Use list.update to update the list by removing age and lang columns and introducing the number of languages each member uses as nlang.

str(list.update(devs,age=NULL,lang=NULL,nlang=length(lang)))
List of 3
 $ p1:List of 3
  ..$ name    : chr "Ken"
  ..$ interest: chr [1:3] "reading" "music" "movies"
  ..$ nlang   : int 3
 $ p2:List of 3
  ..$ name    : chr "James"
  ..$ interest: chr [1:2] "sports" "music"
  ..$ nlang   : int 3
 $ p3:List of 3
  ..$ name    : chr "Penny"
  ..$ interest: chr [1:2] "movies" "reading"
  ..$ nlang   : int 3

More functions

Much more functions are provided than the examples show. Please read the documentation of the package.

Working with pipeline

Pipeline operators may hugely improve the readibility of the code especially when a chain of commands are executed. pipeR package is recommended to co-work with this package.

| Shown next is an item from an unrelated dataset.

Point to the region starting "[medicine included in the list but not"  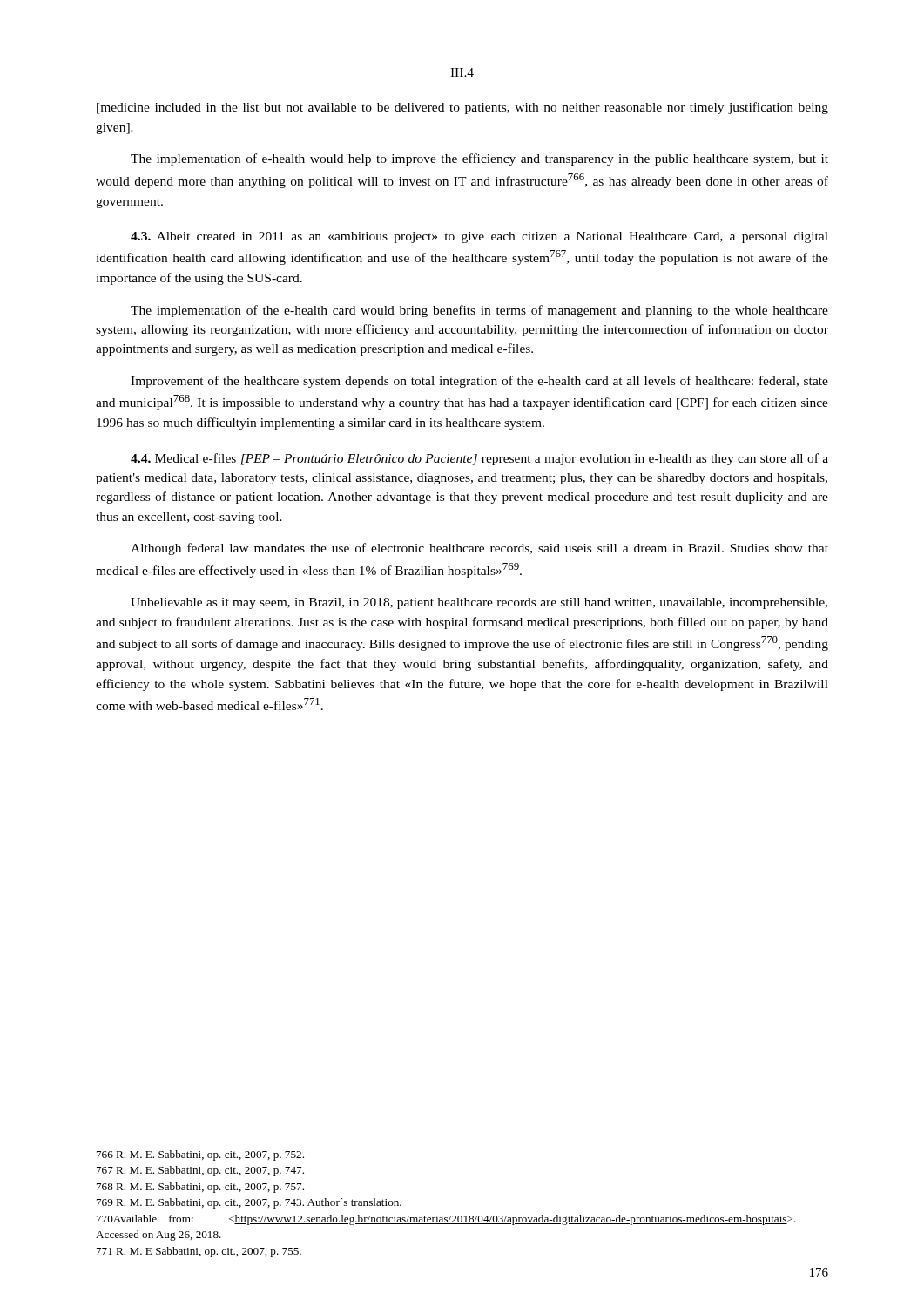pos(462,118)
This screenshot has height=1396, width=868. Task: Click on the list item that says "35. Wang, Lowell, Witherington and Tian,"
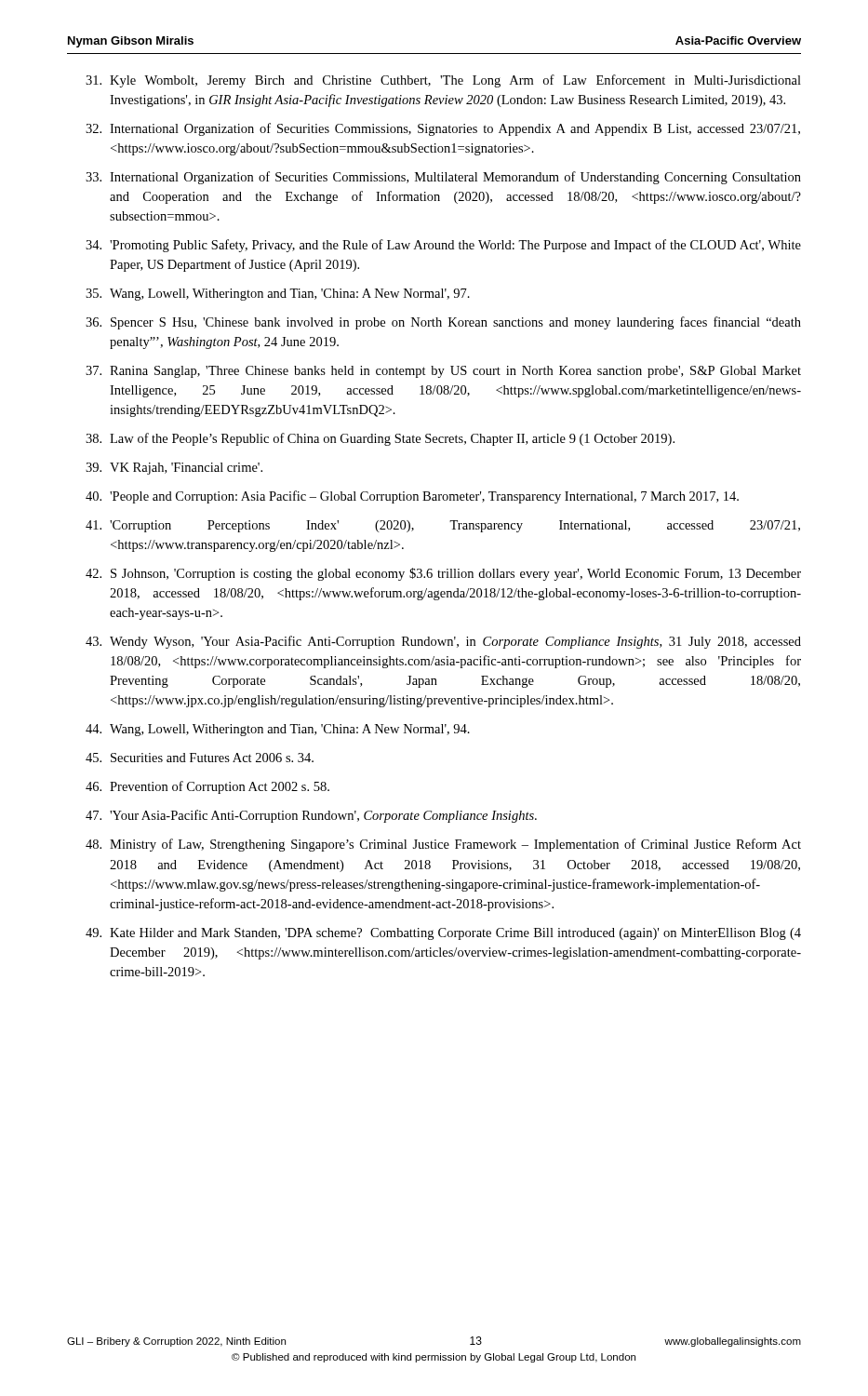434,294

The following code returns the developers whose age is no more than 24 and create a data frame where they are sorted by the number of years using R in descending order and each row tells us the name, years of using R, and the longest time using a language they know.

library(pipeR)
devs %>>%
  list.filter(age <= 24) %>>%
  list.sort(desc(lang$r)) %>>%
  list.map(data.frame(name=name,r=lang$r,
    longest=max(unlist(lang)))) %>>%
  list.rbind
    name r longest
p1   Ken 2       4
p3 Penny 1       4

Lambda expression

Most functions in this package supports lambda expressions like x ~ f(x) where x refers to the list member itself. Otherwise, . will by default be used to represent it.

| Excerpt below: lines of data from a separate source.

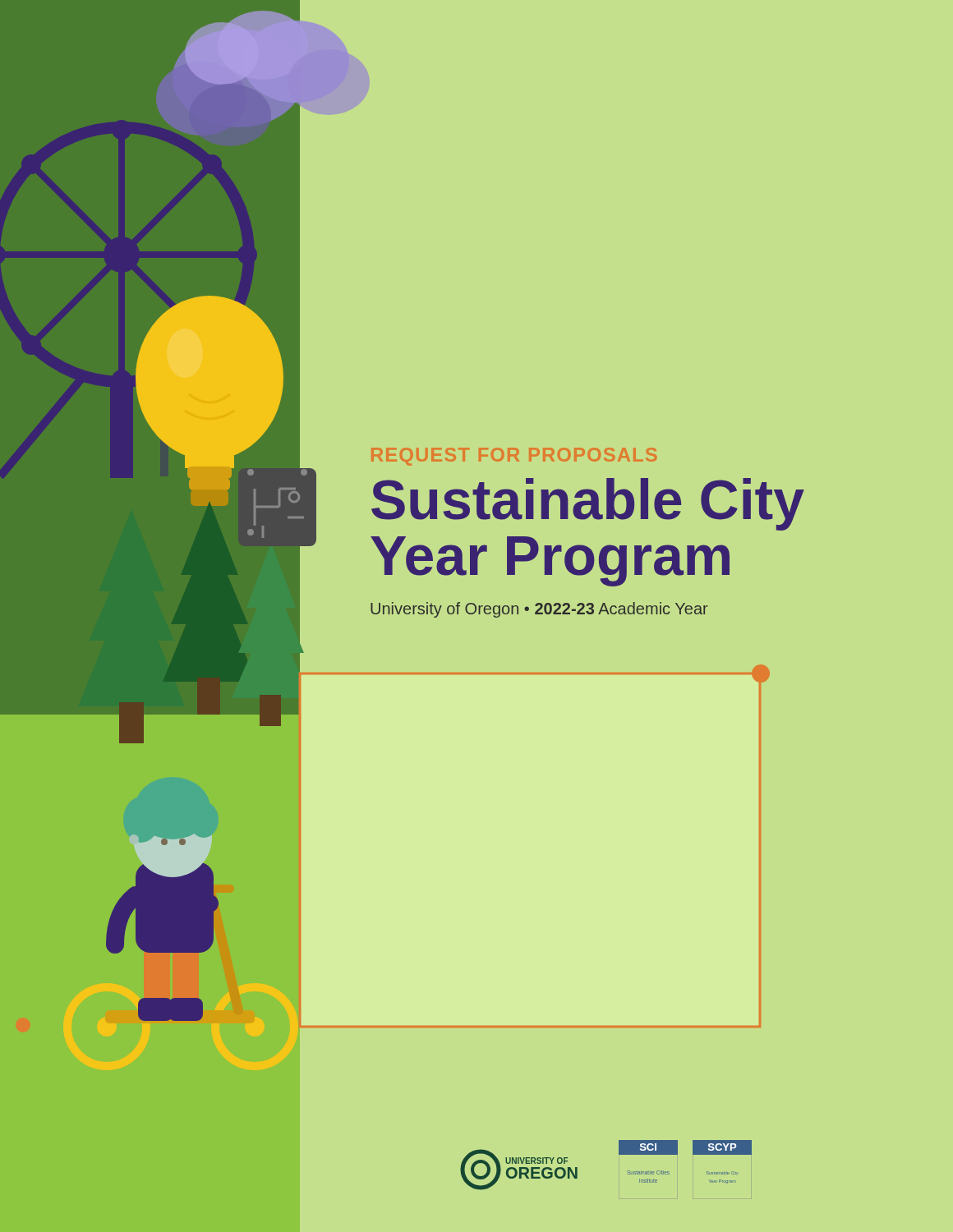The height and width of the screenshot is (1232, 953).
Task: Click the title that begins "REQUEST FOR PROPOSALS"
Action: 641,531
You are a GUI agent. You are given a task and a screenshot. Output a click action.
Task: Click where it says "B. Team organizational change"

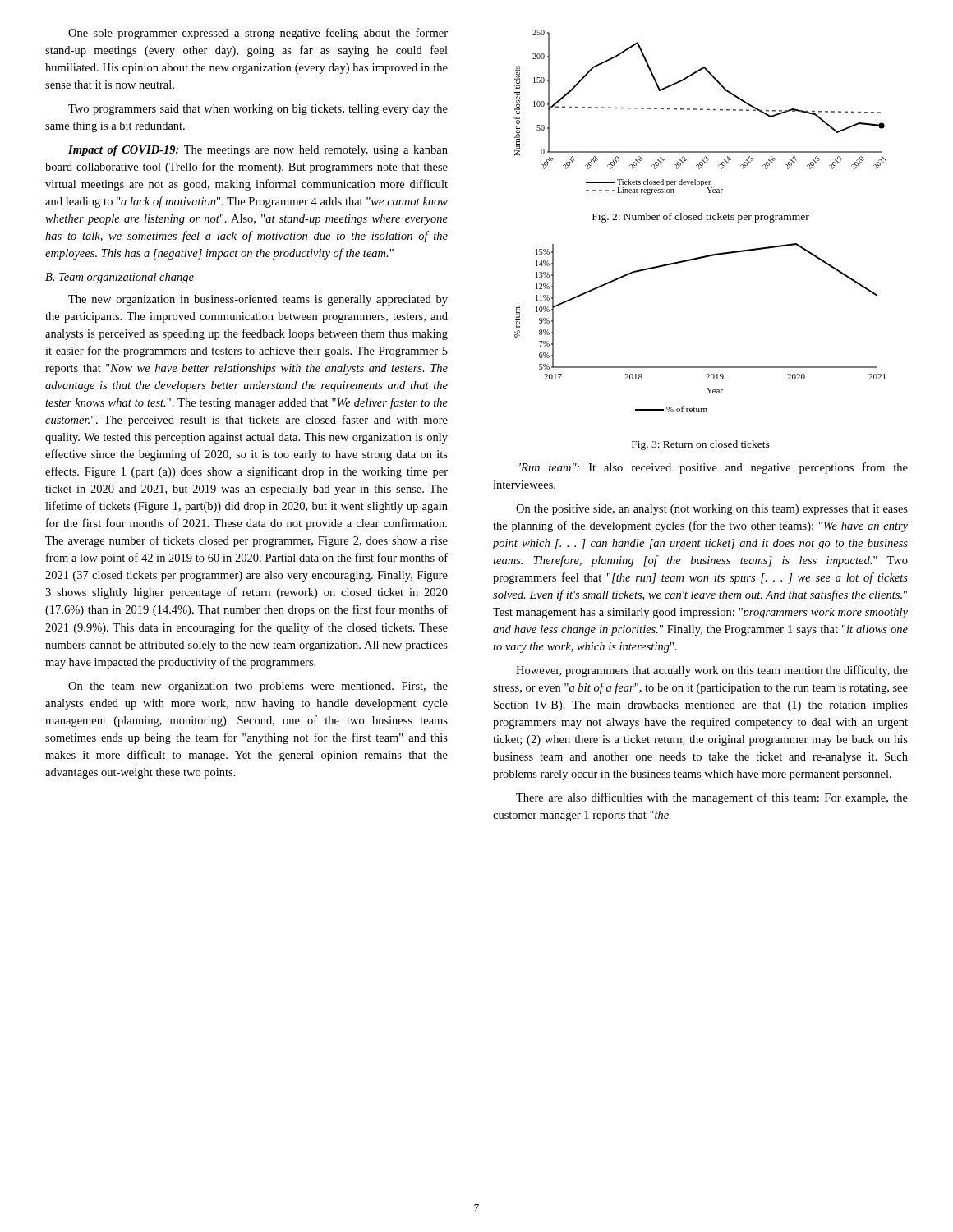120,277

nums <- list(a=c(1,2,3),b=c(2,3,4),c=c(3,4,5))
nums %>>%
  list.map(data.frame(min=min(.),max=max(.))) %>>%
  list.rbind
  min max
a   1   3
b   2   4
c   3   5
nums %>>%
  list.map(x ~ sum(x))
$a
[1] 6

$b
[1] 9

$c
[1] 12
nums %>>%
  list.filter(x ~ mean(x)>=3)
$b
[1] 2 3 4

$c
[1] 3 4 5

Conclusion

rlist package can be used to deal with list objects in a very flexible and streamlined manner. It can work together with many other packages such as pipeR, plyr, dplyr, etc.